Thompson’s acerbic, manic, often obscene observations of the American Dream and its politics are, or should have been, near the heart of the documentary. Admitting to starting out “naively enthusiastic . . . like a first hit of orange sunshine,” and boasting of ingesting tons of “Congolese hallucinogen Ibogaine” -- another Thompson fabrication -- Gibney “can’t say what it was that I directed in the film.” Hence the problem, for the resultant collage cannot stand back and assess its own adolescent hippie awe of Flower Power San Francisco and Woody Creek, Colorado, of drugs and alcohol and of deliberate shock effect in the “cool” hero who confronts “square” hypocrisy.

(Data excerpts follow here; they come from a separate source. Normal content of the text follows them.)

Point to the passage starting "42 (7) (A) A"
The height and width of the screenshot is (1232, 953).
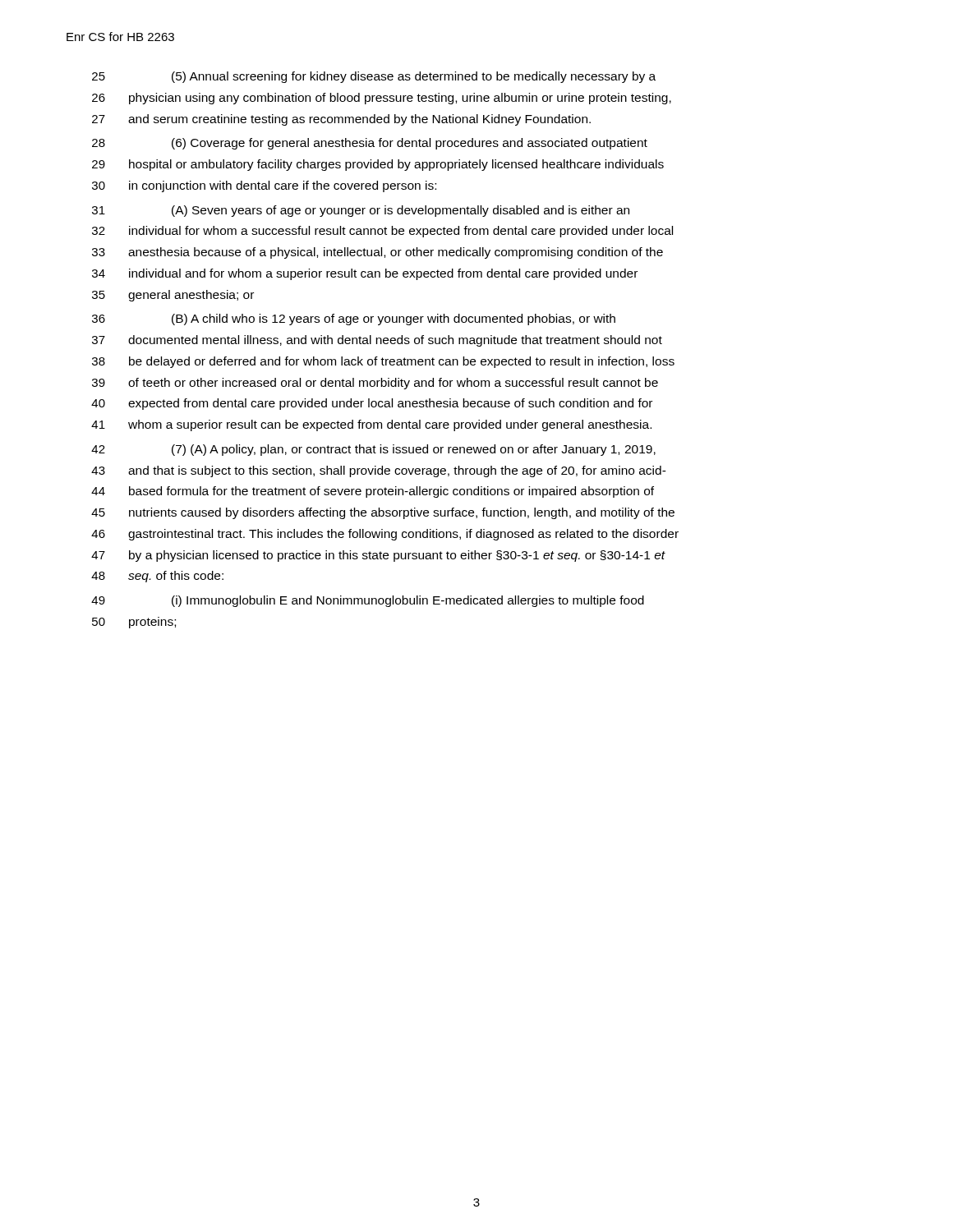click(476, 512)
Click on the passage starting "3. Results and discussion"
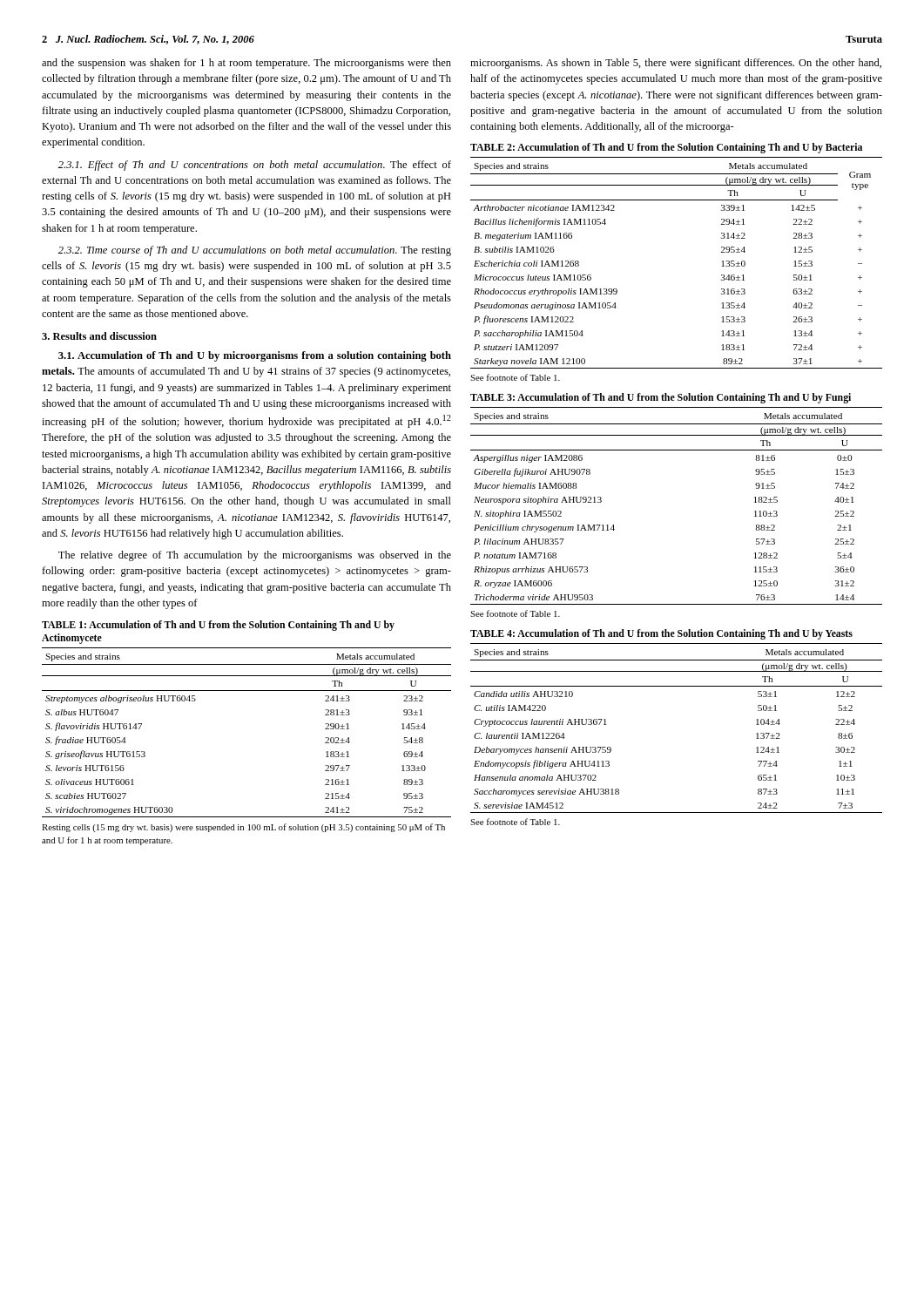This screenshot has width=924, height=1307. 99,336
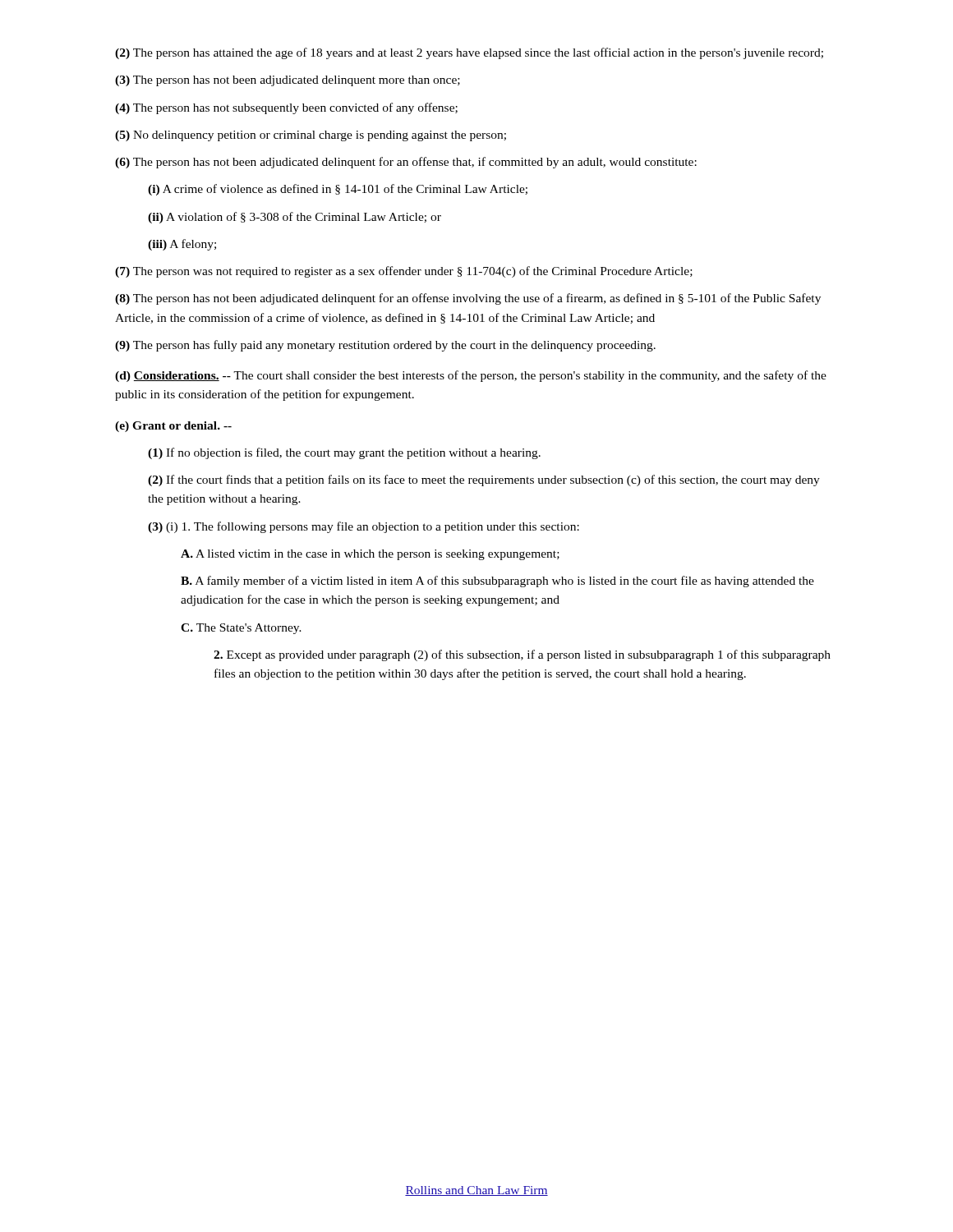Screen dimensions: 1232x953
Task: Navigate to the text starting "B. A family member of a victim"
Action: point(509,590)
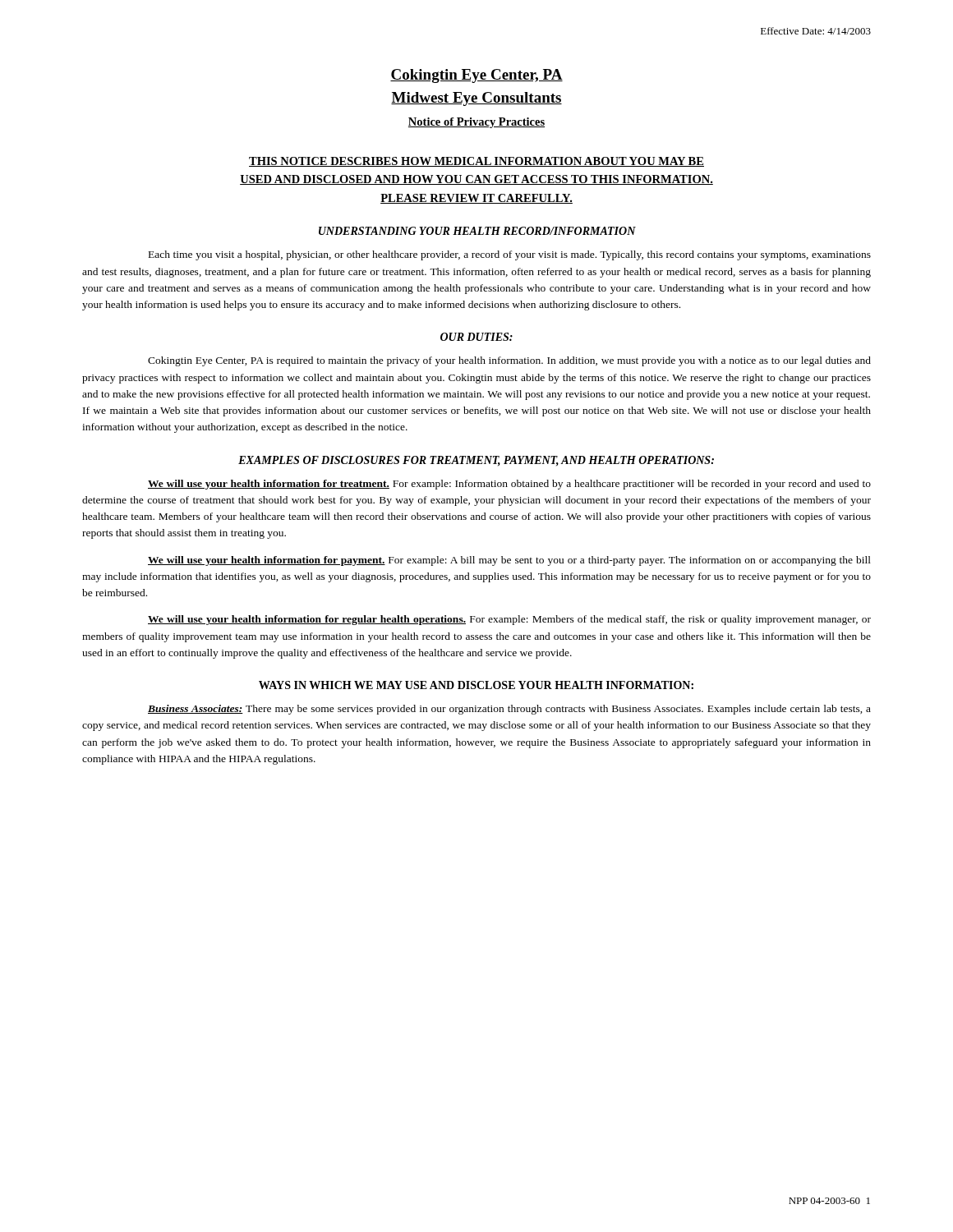Point to the block beginning "Cokingtin Eye Center, PA is"
Image resolution: width=953 pixels, height=1232 pixels.
(476, 394)

Like Kerouac and Kesey, Thompson had contradiction issues, but unlike Beat forerunner Walt Whitman’s universal Self -- “Very well then I contradict myself,/(I am large, I contain multitudes.)” -- he was unable to reconcile or accept them. Like Norman Mailer, he wanted to “translate his life into a literary career,” but the “mockery, rage and despair” worn on the sleeve of this involved observer grew tiresome.
Congenitally behind on deadlines, he grew to rely on aural-recording of his pieces. “You go with your instincts,” but things worked out less frequently as, he bemoaned, his own presence and personality become the cynosure and thus altered events he was to cover. Fact, interpretation, wishful thinking, and out-and-out invention mingled so freely as to become inseparable, and Hunter lost joy in himself as individual and as writer. Some few later essays are praised by others, but the confusion, or disillusion, had begun as early as the 1972 “Campaign Bloat” of McGovern’s fatal Eagleton error. Two years later it was set in stone in Kinshasa, where Thompson dog-paddled a pool in a Nixon mask while nearby assignments Ali and Foreman rumbled in the jungle.
The author tired and trapped inside his image and notoriety, the writing turned largely irrelevant, even as the myth attracted groupies and hangers-on who were more than the family would put up with. The later years and end are rather rushed in the film, and the opportunity is not seized to relate Thompson’s erratic but prescient sociopolitical X-ray vision to current public cynicism. Neither author nor film develops, so what you see from the very beginning is what you get. Similar to the recent Chicago 10, Gonzo banks on an easy adolescent delight in seeing the debunking of the powers that be, but, like Thompson’s own run for office, that is of no help in the final tally. The bang-bang mannerisms cloy as quickly on-screen as does the macho ego-posturing on the prose page.
(Released by Magnolia Pictures and rated "R" for drug and sexual content, language and some nudity.)